* **YOUR INSTRUCTIONS**
Only lines containing the string "pixels" belong in the answer; copy all of them from the entries.

Dataset entries:
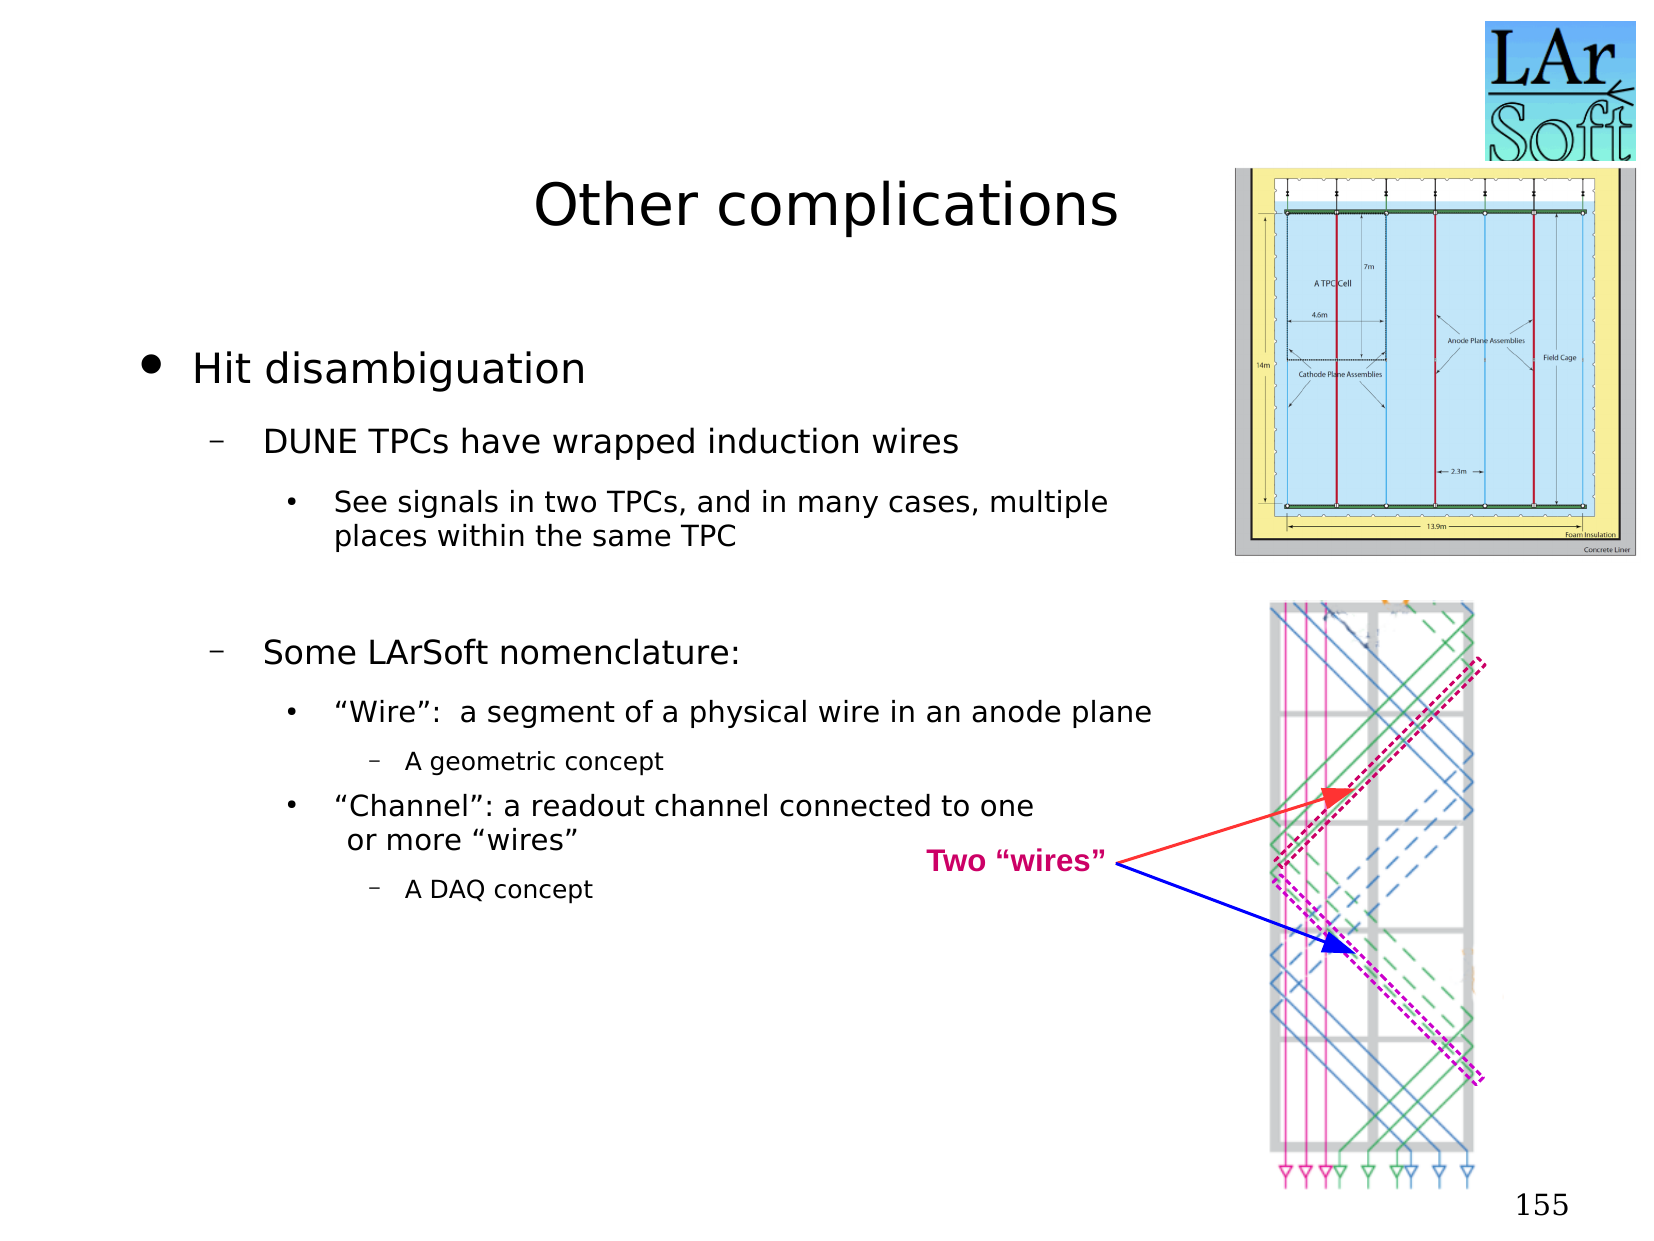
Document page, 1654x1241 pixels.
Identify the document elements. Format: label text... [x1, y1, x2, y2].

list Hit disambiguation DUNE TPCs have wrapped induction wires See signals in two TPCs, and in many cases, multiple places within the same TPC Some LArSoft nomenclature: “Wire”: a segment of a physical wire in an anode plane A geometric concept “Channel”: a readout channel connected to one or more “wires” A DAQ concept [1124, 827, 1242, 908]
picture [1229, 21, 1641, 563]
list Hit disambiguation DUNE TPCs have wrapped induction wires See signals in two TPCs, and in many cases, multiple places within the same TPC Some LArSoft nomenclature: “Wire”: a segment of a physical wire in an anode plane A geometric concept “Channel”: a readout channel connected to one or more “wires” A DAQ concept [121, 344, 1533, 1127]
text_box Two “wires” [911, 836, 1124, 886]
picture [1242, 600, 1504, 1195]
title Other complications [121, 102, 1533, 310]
==
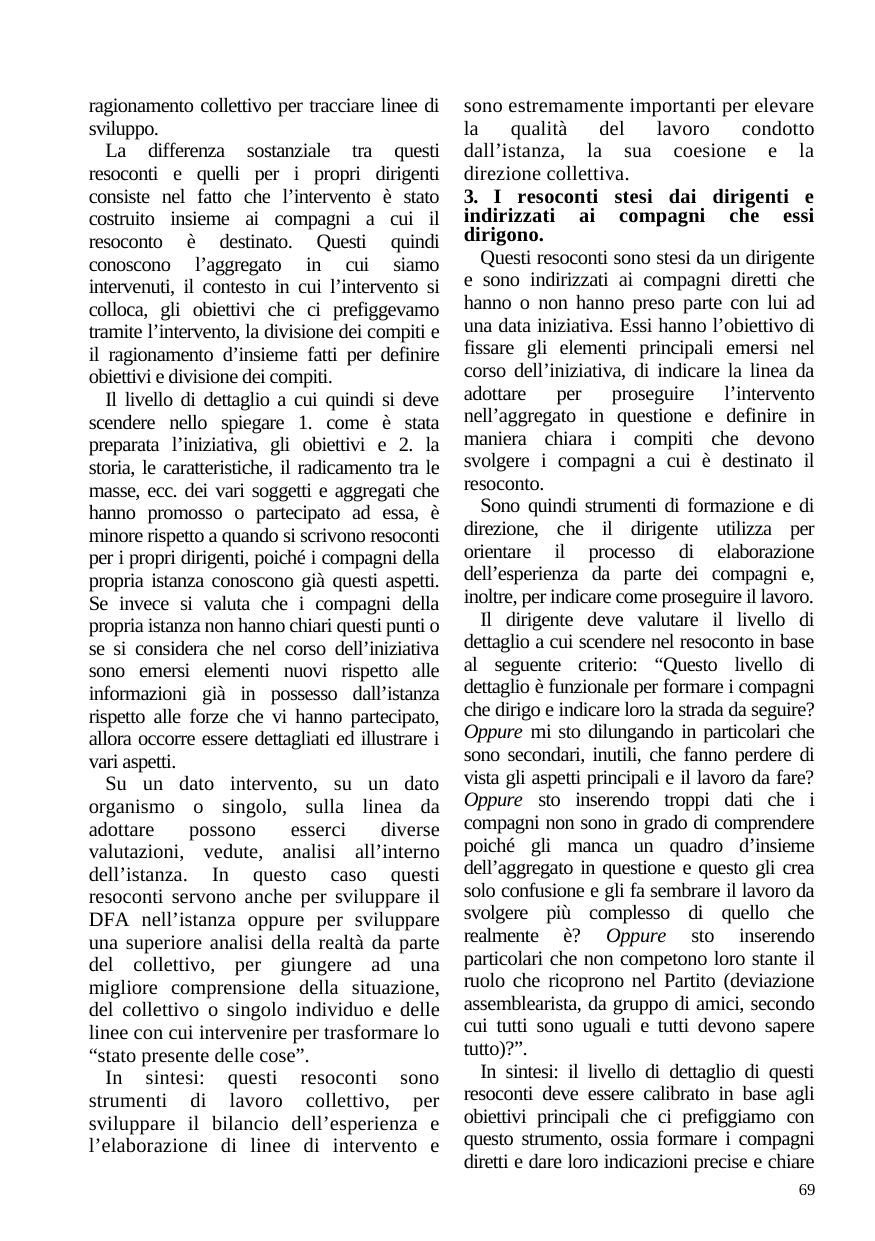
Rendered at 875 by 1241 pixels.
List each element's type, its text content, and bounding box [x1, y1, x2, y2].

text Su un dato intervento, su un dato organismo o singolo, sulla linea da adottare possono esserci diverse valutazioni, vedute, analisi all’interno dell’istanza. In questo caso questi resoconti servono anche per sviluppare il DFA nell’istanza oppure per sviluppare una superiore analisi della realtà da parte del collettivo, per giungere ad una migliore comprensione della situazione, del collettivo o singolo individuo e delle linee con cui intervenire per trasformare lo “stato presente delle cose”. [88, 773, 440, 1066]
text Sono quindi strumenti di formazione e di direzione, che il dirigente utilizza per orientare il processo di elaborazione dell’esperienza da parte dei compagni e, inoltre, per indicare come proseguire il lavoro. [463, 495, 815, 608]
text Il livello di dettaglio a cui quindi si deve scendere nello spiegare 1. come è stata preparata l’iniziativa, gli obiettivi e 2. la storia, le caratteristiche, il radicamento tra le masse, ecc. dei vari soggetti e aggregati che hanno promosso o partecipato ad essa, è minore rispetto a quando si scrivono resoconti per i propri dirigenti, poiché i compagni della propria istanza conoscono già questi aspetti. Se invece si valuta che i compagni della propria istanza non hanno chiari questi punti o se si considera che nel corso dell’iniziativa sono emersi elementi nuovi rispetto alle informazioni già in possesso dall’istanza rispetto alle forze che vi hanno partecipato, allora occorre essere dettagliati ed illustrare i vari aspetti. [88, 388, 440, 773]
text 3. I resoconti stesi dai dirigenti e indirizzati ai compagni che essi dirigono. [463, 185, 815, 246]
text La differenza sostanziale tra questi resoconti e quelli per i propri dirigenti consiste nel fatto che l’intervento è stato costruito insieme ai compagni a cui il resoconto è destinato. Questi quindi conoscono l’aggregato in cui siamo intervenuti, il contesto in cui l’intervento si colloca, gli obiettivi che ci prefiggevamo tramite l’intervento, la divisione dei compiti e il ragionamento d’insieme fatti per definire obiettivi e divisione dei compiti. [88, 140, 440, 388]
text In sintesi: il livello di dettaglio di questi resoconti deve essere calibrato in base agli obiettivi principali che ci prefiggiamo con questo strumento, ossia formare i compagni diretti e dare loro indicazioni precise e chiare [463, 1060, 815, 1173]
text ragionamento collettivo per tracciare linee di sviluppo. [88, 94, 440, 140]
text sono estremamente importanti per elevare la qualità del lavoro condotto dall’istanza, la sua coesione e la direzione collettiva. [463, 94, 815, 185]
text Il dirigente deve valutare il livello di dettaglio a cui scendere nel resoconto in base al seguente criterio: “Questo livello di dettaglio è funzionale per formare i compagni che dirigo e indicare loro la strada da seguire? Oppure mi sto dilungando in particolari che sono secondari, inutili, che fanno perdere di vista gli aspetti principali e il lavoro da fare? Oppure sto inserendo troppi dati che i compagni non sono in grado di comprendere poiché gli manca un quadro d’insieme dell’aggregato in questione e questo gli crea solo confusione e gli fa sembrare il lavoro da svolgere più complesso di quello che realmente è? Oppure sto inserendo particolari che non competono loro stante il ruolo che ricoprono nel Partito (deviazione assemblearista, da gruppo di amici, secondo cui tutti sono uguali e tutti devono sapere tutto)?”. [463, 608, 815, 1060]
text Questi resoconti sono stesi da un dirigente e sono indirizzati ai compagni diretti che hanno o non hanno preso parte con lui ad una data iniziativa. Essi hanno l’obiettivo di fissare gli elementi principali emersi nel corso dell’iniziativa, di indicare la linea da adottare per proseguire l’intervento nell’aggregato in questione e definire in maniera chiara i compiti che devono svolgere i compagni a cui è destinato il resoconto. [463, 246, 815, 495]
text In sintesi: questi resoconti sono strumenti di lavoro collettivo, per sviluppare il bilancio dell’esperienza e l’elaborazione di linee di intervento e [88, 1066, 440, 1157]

* **TASK SOLUTION**
Document page, 1654x1241 pixels.
Rendered at 875 by 1241 pixels.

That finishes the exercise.